In the CsCl cell, the Cs+ cation occupies the center position and the Cl- anion is located at the corners. Each Cs+ cation is surrounded by eight Cl- anions in a cube. Similarly, each Cl- anion is surrounded by eight Cs+ cations in a cube.
We can consider one side of the cube in this analysis. Taking into account the arrangement of ions in a simple cubic arrangement, the Cs+ cation at the center is in contact with eight Cl- anions at the corners. The distance from the center of the Cs+ cation to the corner of the cube is equal to the sum of the radii of the ions (r cation + r anion).
Therefore, the length of one side of the CsCl cell (s) is equal to twice the ionic radius sum (2(r cation + r anion)).
Answering your second question about the NaCl unit cell in figure 9.18, considering only the front face, let's analyze the arrangement of ions.
For each Na+ ion at the front face, four Na+ ions from the corners of the adjacent cubes are in contact with the central Na+ ion.
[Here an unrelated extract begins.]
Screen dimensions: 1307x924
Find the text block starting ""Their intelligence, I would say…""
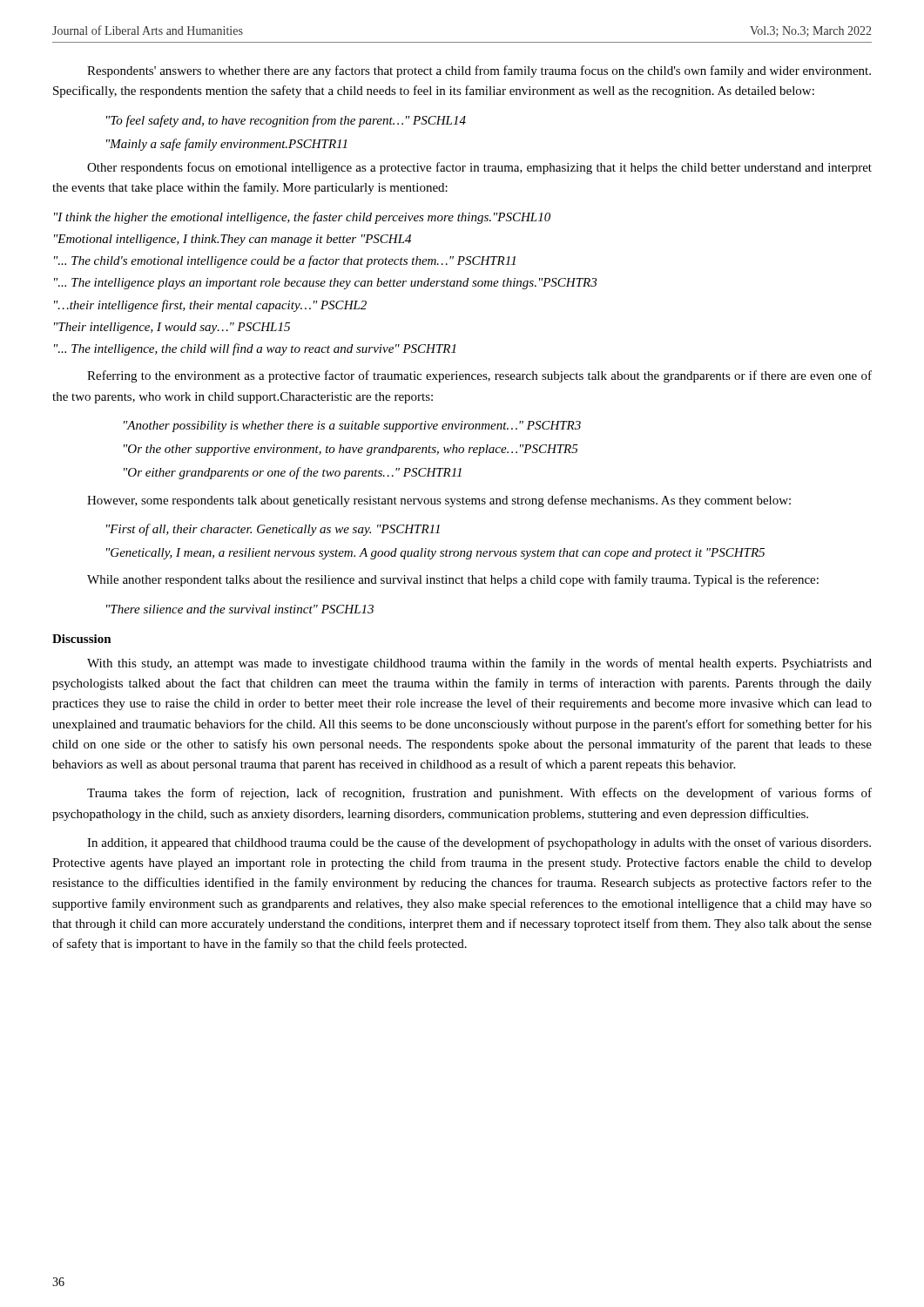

Thus, each Na+ ion shares its face with four adjacent unit cubes.
For each Cl- ion at the front face, four Cl- ions from the adjacent cubes within the same plane are in contact with it. Therefore, each Cl- ion also shares its face with four adjacent unit cubes.
So, each Na+ ion shares its face with four cubes, while each Cl- ion also shares its face with four cubes in the NaCl unit cell.